I had some fun with the 2004 Lunar Eclipse ... so weather permitting, I might have to drag the Big Green Guy out and see if he wants to take a bit outa the moon again! .. ;-)
cad3 wrote:
Hrm... I wonder which would be better?
The 40D w/ 200 x1.4 x1.4?
Or the 5D w/ 200 x2 x1.4?
Anyone have any thoughts?
Well they will have almost the same number of pixels on the moon since the 40D has 2x the pixel density of the 5D and acts like a 1.4x TC itself then. The 40D should look a bit better IMO, due to only using 2 1.4x TC's and avoiding a 2x TC. I don't think there'll be a lot in it, but I would be curious to see 100% crops.
sirimiri wrote:
Might I ask (someone will surely know)
What are the choppy edges along the edge of the moon? Is it a lens issue? Thanks....

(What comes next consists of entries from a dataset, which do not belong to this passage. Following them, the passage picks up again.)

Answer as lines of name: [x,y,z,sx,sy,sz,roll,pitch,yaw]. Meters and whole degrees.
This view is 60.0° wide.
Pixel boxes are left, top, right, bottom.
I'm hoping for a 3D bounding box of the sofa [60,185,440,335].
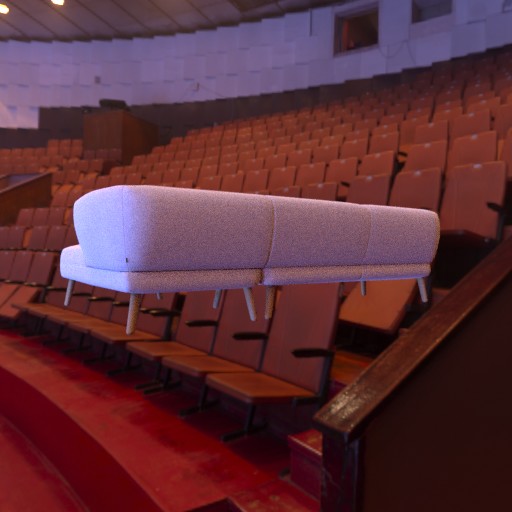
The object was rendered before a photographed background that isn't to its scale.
sofa: [0.000,0.000,3.385,2.660,0.730,1.610,0,1,-35]
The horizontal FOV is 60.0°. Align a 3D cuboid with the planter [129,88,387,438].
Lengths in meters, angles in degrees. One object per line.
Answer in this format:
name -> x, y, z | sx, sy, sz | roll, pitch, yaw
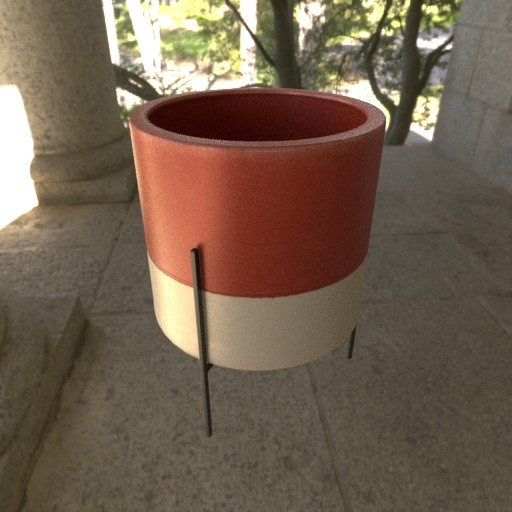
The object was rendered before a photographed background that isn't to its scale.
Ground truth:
planter -> 0.000, 0.000, 0.723 | 0.345, 0.465, 0.354 | -19, 36, -29
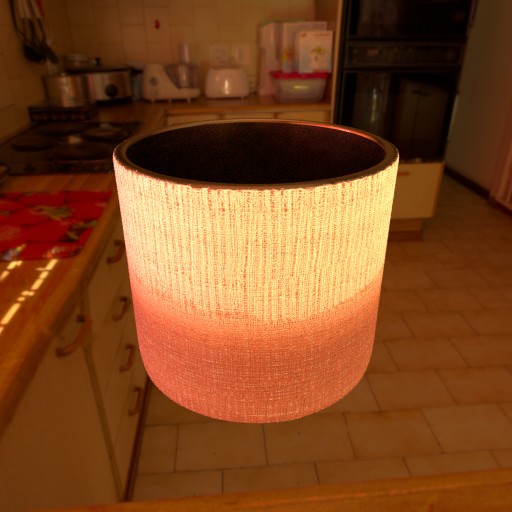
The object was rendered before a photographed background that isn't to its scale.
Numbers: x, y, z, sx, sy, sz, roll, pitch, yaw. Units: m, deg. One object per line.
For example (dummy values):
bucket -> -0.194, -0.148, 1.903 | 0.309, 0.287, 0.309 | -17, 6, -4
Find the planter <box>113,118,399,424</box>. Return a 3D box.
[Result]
planter -> 0.000, 0.000, 0.394 | 0.221, 0.201, 0.221 | 0, 28, 0
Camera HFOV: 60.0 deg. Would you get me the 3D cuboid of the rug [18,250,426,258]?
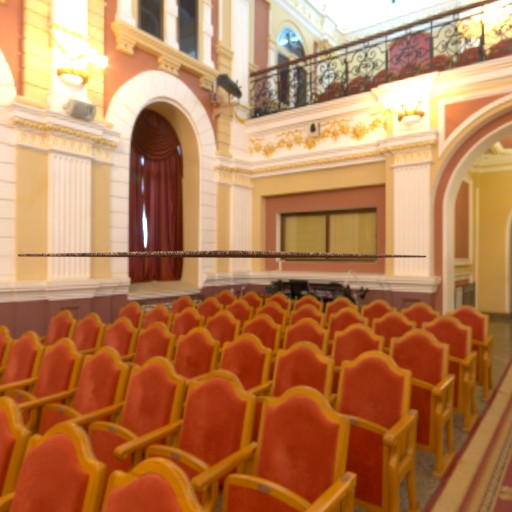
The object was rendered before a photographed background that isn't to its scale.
[{"bbox_3d":[0.000,0.000,2.248,1.189,0.011,1.808,0,-1,37],"label":"rug"}]
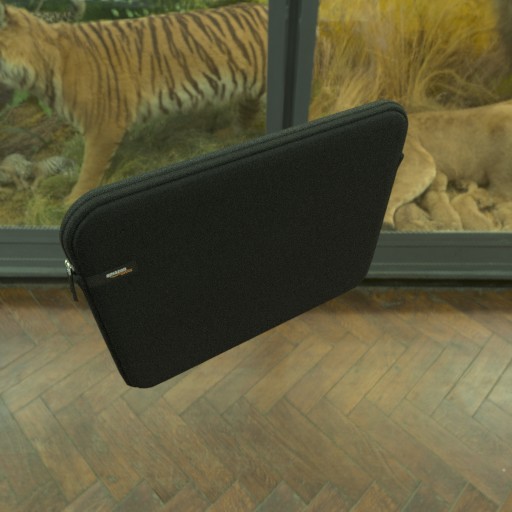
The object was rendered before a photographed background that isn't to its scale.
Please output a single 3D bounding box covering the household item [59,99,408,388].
[{"bbox_3d":[0.000,0.000,0.518,0.396,0.305,0.030,-23,50,-20],"label":"household item"}]
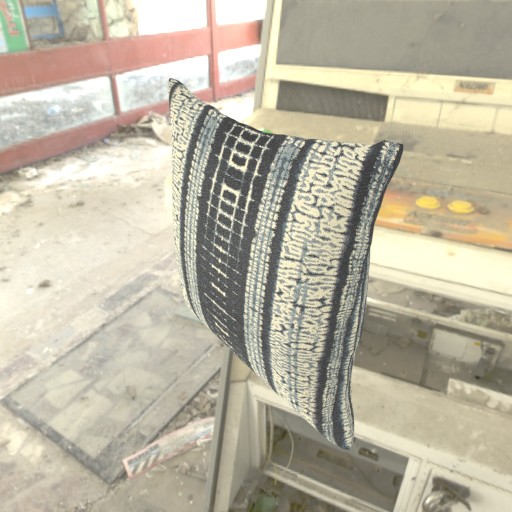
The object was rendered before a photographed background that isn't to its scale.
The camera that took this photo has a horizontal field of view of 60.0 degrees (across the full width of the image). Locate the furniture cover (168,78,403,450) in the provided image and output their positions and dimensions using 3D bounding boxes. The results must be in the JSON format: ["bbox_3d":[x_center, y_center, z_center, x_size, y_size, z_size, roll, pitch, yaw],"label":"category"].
[{"bbox_3d":[0.000,0.000,0.646,0.133,0.435,0.425,-22,38,-32],"label":"furniture cover"}]
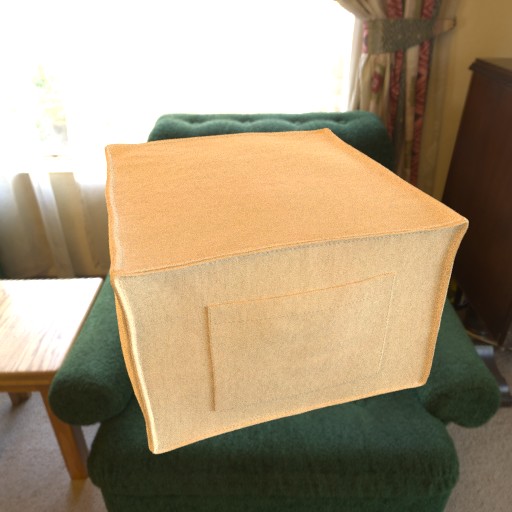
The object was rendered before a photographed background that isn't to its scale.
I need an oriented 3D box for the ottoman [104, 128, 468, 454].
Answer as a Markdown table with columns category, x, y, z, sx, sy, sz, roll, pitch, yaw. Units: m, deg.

That's aberration caused by turbulence in the earth's atmosphere. It's why they build optical telescopes at the top of high mountains where the air's thinner.

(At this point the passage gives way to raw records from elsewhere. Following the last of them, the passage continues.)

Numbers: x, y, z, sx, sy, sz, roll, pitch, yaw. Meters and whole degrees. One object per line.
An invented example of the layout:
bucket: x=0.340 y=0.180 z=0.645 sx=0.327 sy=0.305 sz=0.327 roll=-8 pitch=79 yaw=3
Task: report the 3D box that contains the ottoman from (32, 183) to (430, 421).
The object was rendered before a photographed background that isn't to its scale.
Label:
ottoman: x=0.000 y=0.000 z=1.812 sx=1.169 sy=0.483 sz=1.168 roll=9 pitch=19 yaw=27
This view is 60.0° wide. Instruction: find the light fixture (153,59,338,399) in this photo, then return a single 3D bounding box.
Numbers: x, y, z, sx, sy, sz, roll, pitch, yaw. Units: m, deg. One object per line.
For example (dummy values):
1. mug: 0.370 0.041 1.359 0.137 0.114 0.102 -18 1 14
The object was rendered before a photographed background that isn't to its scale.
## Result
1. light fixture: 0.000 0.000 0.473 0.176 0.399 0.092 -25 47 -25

For anyone planning to shoot the lunar eclipse next week, remember that the moon will go from very bright to very dim and back over the course of the event. The exposures get long, and they test your technique and tripod for a long lens. You may end up in the 1/4 or 1/2 second area. Remote release, mirror lock up, and the most rigid tripod setup you can find are all key to good images when the moon is in total eclipse with a beautiful deep red glow.
On most lenses that have a tripod foot for mounting, the least rigid part of a setup can be how rigid the lens is held by the tripod foot. Be sure to tighten your clamping knob well to help with that problem. The mentioning of using a sandbag on the lens hood may be to help with that issue, because is will "bind up" the lens in the tripod foot ring even better.

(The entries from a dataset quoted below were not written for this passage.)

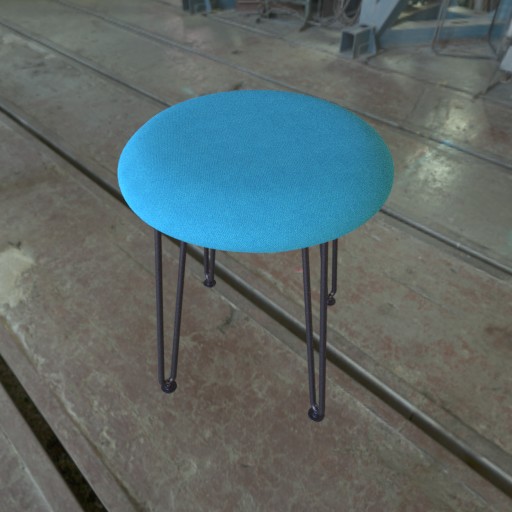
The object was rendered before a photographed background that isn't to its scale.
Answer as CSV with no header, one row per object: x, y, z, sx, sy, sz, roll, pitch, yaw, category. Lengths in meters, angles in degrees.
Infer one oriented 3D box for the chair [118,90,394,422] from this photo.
0.000,0.000,0.691,0.350,0.430,0.350,0,42,0,chair
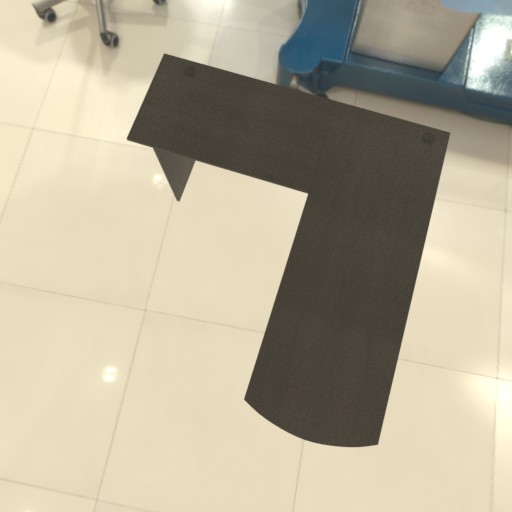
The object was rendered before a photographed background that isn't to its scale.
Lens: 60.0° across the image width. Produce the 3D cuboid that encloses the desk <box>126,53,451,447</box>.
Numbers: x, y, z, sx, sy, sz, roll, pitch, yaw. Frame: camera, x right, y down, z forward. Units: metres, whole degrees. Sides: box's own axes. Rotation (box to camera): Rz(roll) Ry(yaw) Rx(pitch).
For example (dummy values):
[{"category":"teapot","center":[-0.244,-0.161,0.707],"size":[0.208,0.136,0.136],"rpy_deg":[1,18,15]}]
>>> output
[{"category":"desk","center":[0.000,0.000,2.115],"size":[1.303,0.716,1.361],"rpy_deg":[17,76,5]}]
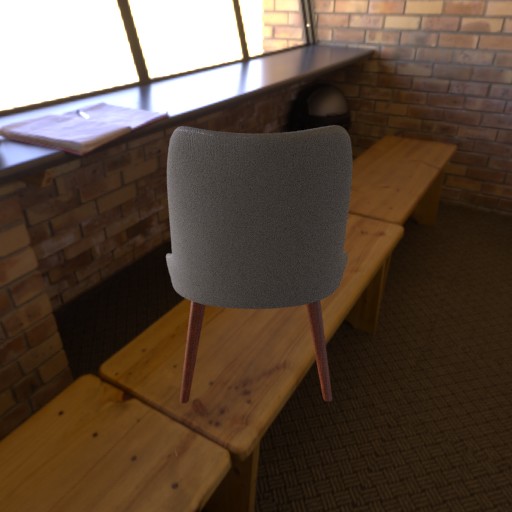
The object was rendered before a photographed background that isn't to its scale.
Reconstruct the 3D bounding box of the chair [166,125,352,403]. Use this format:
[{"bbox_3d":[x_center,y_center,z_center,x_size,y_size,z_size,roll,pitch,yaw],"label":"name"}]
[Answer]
[{"bbox_3d":[0.000,0.000,1.301,0.535,0.918,0.707,0,31,0],"label":"chair"}]
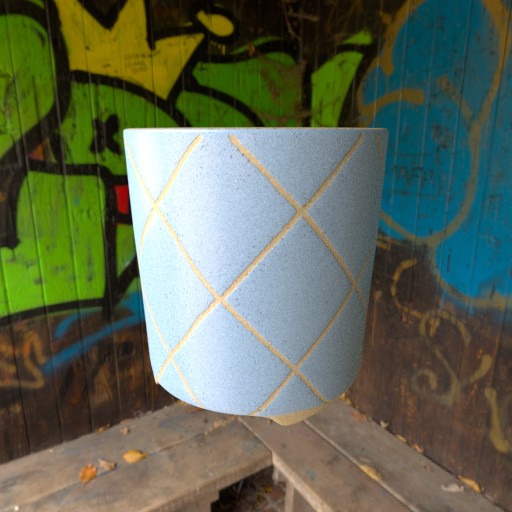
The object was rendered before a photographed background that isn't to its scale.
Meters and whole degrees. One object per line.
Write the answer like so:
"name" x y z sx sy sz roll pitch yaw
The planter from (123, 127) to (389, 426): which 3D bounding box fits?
"planter" 0.000 0.000 0.426 0.227 0.235 0.227 0 15 0
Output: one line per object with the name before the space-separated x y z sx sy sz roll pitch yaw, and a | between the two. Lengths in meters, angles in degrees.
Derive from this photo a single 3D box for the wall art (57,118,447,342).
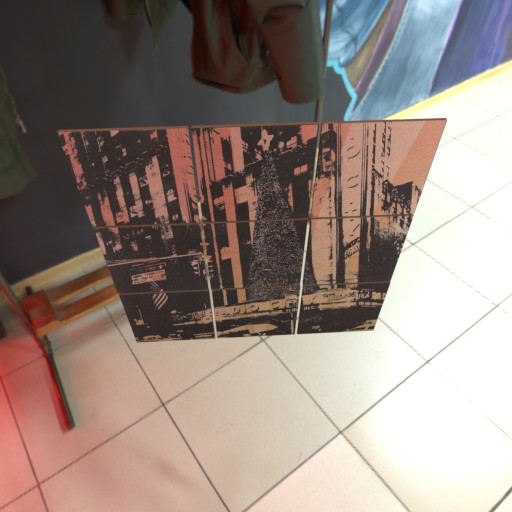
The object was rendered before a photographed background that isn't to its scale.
wall art | 0.000 0.000 2.294 1.527 1.521 0.017 -2 48 -2

Also, depending on focal length and exposure time, you get to the point where the moons movement due to earth rotation is enough to cause the image to loose sharpness, unless you are using an equatorial tracking mount. Using a rigid tripod mount, you will actually be able to see the direction of movement in the image with the longer exposures by noting which sides of the moon have more blur. As the moon darkens to require the longer exposures, your best images may come from setting your ISO much higher that you normally would for a normal moon shot. You will be trading off image sharpness with sensor noise, and may need some post processing to improve the noise.
Getting the right exposure can be tricky also. Depending on how much of your image is filled with the moon, you may have a hard time "seeing" the moon on your histogram. Expect it to be a small bump on the right, and if you are over exposing it may be off scale to the right. Be sure to have your mode set to show over exposed parts of the image as flashing on your review sceen, because that is a much easier way to judge if any part of the moon is over exposed. Bracket lots of exposures to get a better selection to choose from. If you are trying to combine other objects in the image with the moon, bracketing is even more important, and you may find that doing a post process combine of the moon at one exposure and the rest of the picture at another exposure is much more pleasing. Also, the atmospheric disturbances that show up vary some with time, so if you take more shots, you may find some much sharper than others.